These findings indicate that TC neurons generate a slow and large-sized I_h which is strongly modulated by cyclic nucleotides but not PIP₂ (supplementary Figure S2D).

Expression of HCN channel in IN on mRNA and protein level

To determine the molecular basis of I_h, pools of 10 identified small (26 pools; cell diameter <12 μm; Fig. 8Ab) and large (12 pools; cell diameter >12 μm; Fig. 8Ad; cf. Fig. 1D) IN as well as TC neurons (23 pools; Fig. 8Ac) were harvested following acute isolation and subjected to a conventional PCR analysis using HCN1-4-specific primers (Fig. 8Aa). Pools with a positive PCR signal for GAPDH were used for further analysis. In TC neuron pools HCN4 and HCN2 were frequently detectable while HCN3 and HCN1 were less expressed (Fig. 8B, black bars). Small IN were characterized by frequent detection of HCN4 and HCN3 followed by HCN2 and HCN1 (Fig. 8B, red bars).
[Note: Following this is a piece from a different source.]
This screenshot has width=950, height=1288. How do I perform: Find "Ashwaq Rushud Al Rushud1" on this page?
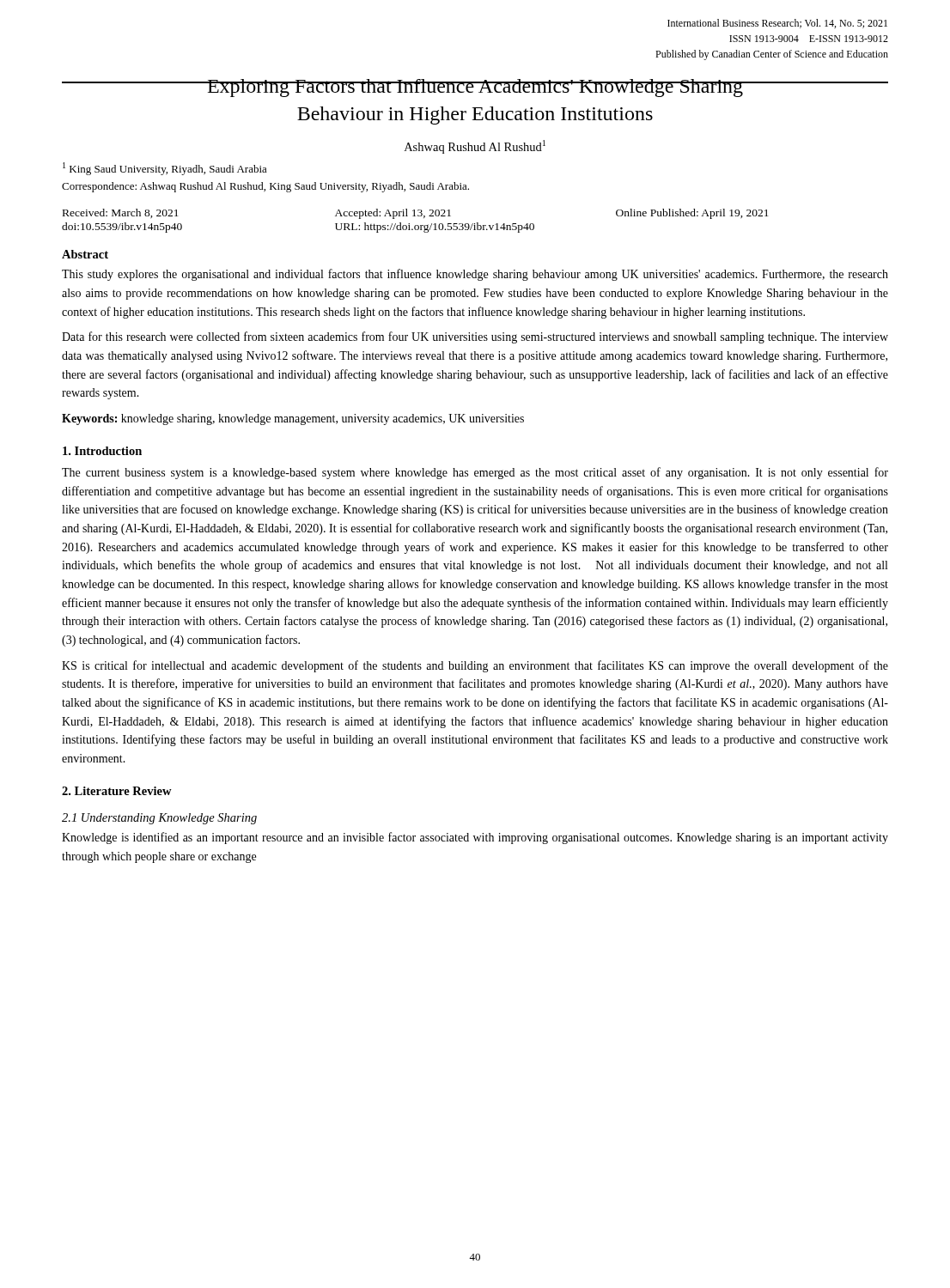tap(475, 146)
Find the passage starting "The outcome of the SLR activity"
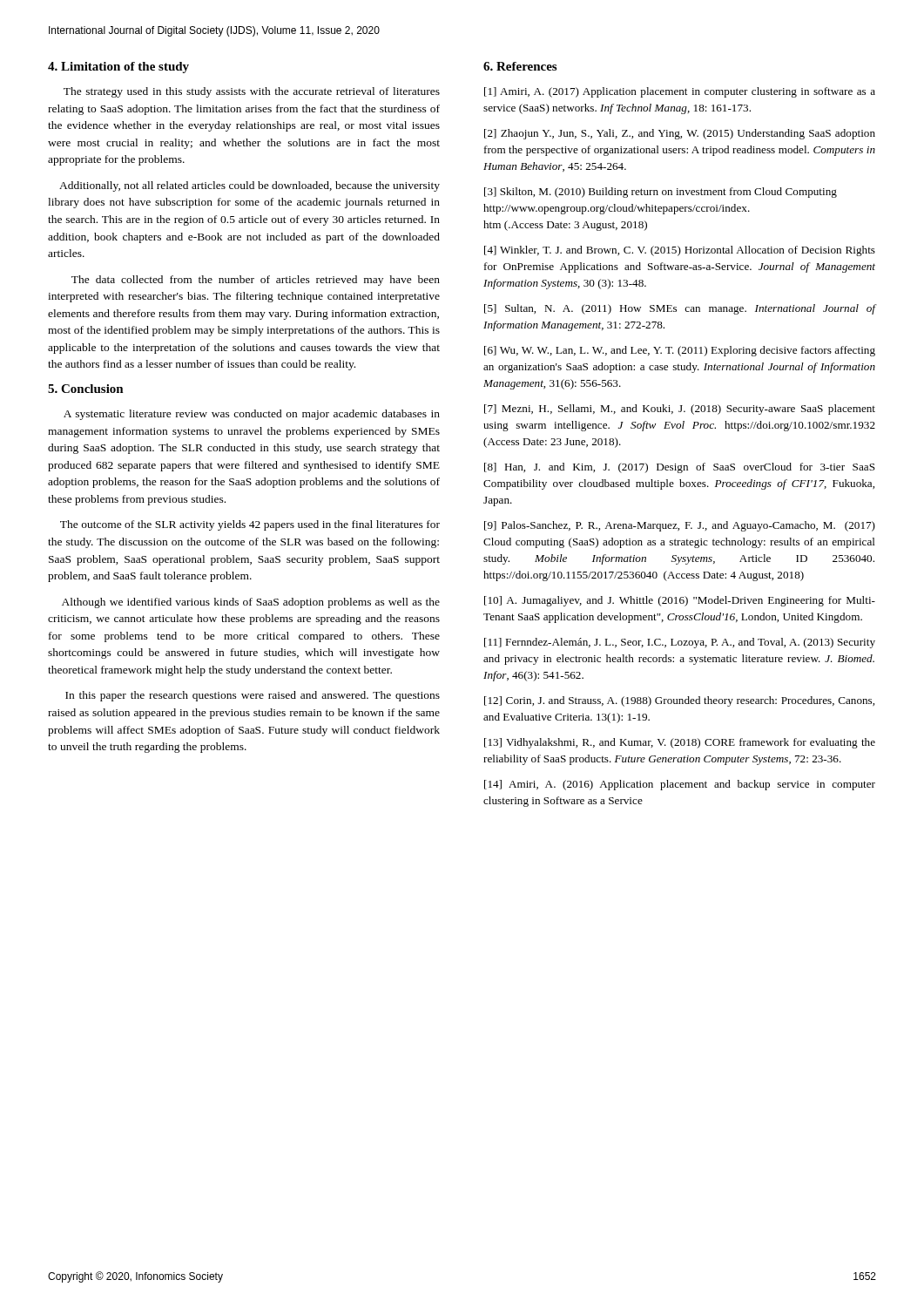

For large IN the abundance for HCN2-4 mRNAs was found to be generally lower compared to small IN (Fig. 8B blue bars). Especially HCN2 was barely detectable. To further characterize HCN channel expression in the two groups of IN (Fig. 8Ca,Cc), we performed immunohistochemical double staining for the presence of nNOS (red fluorescence) and HCN2 (blue fluorescence; Fig. 8Cb,Cd). While nNOS-negative IN (11.0 ± 0.4 μm, n = 42) were significantly (p < 0.05) smaller compared to nNOS-positive IN (12.8 ± 0.4 μm, n = 20; Fig. 8D), HCN2 expression was more frequent in small compared to large IN (Fig. 8E).

Figure 8: Analysis of HCN channel mRNA and protein expression in IN and TC neurons from dLGN.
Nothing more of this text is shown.